Throughout the night the Turner team continued their steady and hard-working pace, maintaining their position while slowly moving up the leader board. As the sun rose over Daytona the No. 94 was now in P9, with seven hours to go.As the clock wound down and the race entered its final hours Augusto Farfus once again climbed onboard to put the hammer down and finish the race strong. Ultimately, the Turner No. 94 Z4 finished in the P7 position in the GTD class. An impressive feat, considering the massive 29-car GTD field.

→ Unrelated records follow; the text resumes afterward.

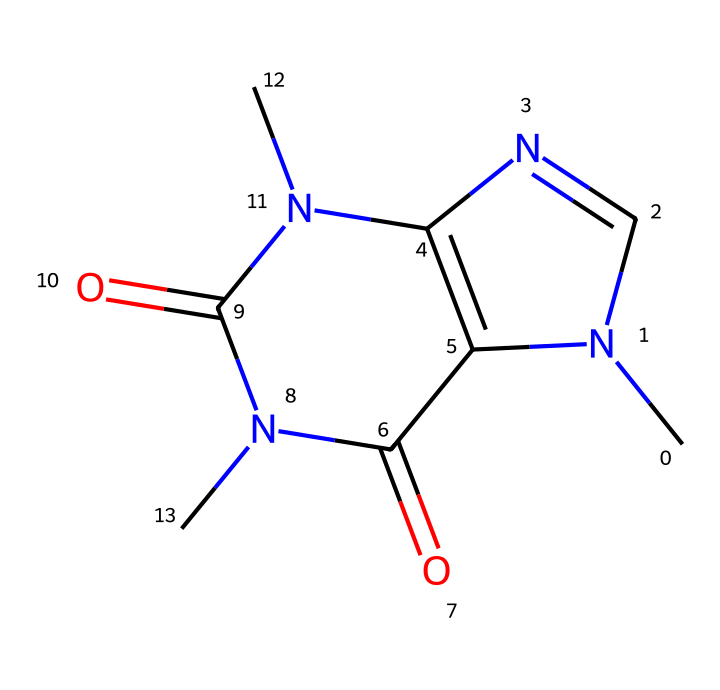What is the IUPAC name of this chemical? The SMILES representation indicates that this chemical has imide functional groups and nitrogen atoms in a fused ring system. The structure conforms to the name "1,3,7-Trimethylxanthine," which is the IUPAC name for caffeine.
Answer: 1,3,7-Trimethylxanthine How many nitrogen atoms are present in the structure? Analyzing the SMILES representation reveals that there are three nitrogen atoms present in the structure, denoted by the letter "N."
Answer: 3 What is the number of carbon atoms in this molecule? By examining the SMILES code, we count the carbon atoms represented in the structure, which totals to 8 carbon atoms.
Answer: 8 What kind of chemical functional groups are present in caffeine? Caffeine contains imide functional groups, as indicated by the "C(=O)N" structures in the SMILES representation, which are characteristic of imides.
Answer: imides What type of bonding is primarily present in caffeine? The structure indicates a mixture of single and double bonds, common in organic molecules. The presence of double bonds involving carbon and oxygen is a defining characteristic of its structure.
Answer: covalent What role does the imide group play in caffeine? The imide group contributes to the stability and solubility of caffeine, which affects its physiological activity as a stimulant. This is crucial for binding interactions with receptors in biological systems.
Answer: stability and solubility What makes caffeine a stimulant based on its chemical structure? The methyl groups attached to the nitrogen atoms enhance the potential for interaction with adenosine receptors, blocking their action, thus increasing alertness and reducing fatigue, classifying it as a stimulant.
Answer: enhances receptor interaction

Will Turner Explained, "I am extremely happy with the results, our entire crew and drivers did a fantastic job preparing and executing our strategy for this daunting race. The top 20 GTD cars were all within less than a second of each other in qualifying which made for an extremely competitive field throughout the entire race," Said Owner Will Turner. "Unfortunately a minor electrical problem put us 5 laps down early on. We were never able to recover from but we did our best to charge to the front picking up two laps by the end of the race and finishing a strong top-ten in P7."

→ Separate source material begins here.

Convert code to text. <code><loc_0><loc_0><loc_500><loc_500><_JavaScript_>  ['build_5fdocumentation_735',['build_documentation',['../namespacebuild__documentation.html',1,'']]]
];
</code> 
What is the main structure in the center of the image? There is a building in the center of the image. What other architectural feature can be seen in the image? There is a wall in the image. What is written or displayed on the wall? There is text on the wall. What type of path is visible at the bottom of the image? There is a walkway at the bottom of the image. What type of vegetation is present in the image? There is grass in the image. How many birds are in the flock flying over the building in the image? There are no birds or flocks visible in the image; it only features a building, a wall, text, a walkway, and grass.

"We still could have had a chance to win, but unfortunately we didn't have enough yellows during the night to get the laps back. However, the team did a fantastic job as the car ran without any other issues. It was good for me to start the year like this, and I am ready to start the DTM now," said Farfus.

Turner Motorsport will return to the track on Saturday, March 15, 2014 for the 62nd annual Mobil 1 Twelve Hours of Sebring.



*The Race by Numbers:*

571 laps Completed
2032 miles raced
26 pit stops
18 sets of tires
525 gallons of fuel consumed
10 driver changes
22 crew members
150 Red Bull energy drinks consumed
5 hot meals
4 drivers
3 laps down to the leaders after 24 hours
1 minute 24 seconds to change front brake rotors pads
2 times around the clock
1 race


----------